■ EXERCISE DIRECTIONS:
The records below must be output exactly, with no images carried over.

■ RECORDED INFORMATION:
• • • • •

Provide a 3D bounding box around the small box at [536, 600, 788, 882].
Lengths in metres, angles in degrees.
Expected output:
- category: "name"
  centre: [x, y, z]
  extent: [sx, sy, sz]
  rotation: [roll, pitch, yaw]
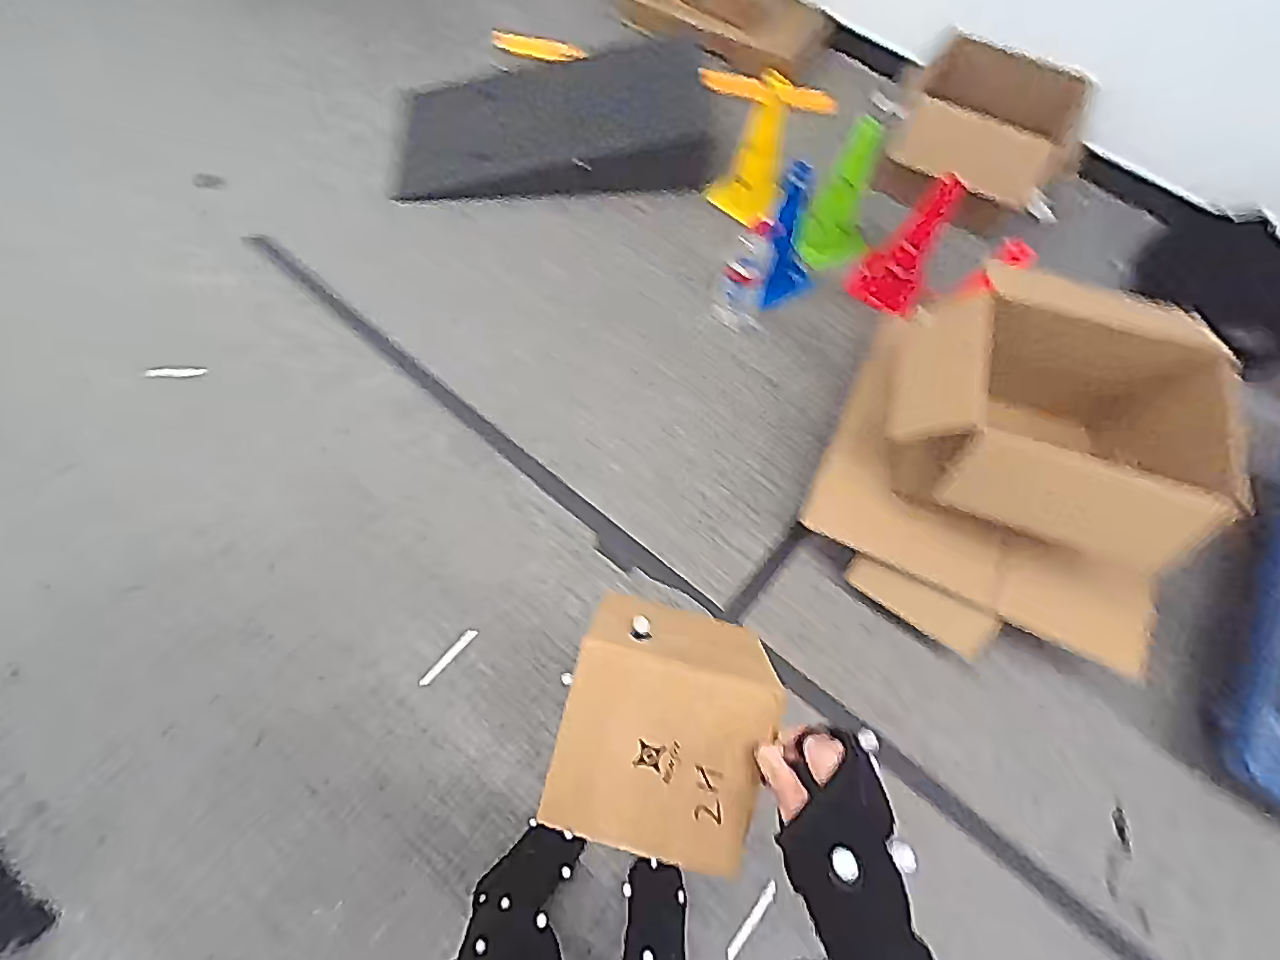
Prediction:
- category: "small box"
  centre: [0.020, 0.228, 0.523]
  extent: [0.179, 0.176, 0.168]
  rotation: [15, 93, 1]

• • • • •

■ SOLUTION TO THIS EXERCISE:
Provide a 3D bounding box around the small box at [536, 600, 788, 882].
Lengths in metres, angles in degrees.
Expected output:
- category: "name"
  centre: [x, y, z]
  extent: [sx, sy, sz]
  rotation: [roll, pitch, yaw]
Prediction:
- category: "small box"
  centre: [0.020, 0.228, 0.523]
  extent: [0.179, 0.176, 0.168]
  rotation: [15, 93, 1]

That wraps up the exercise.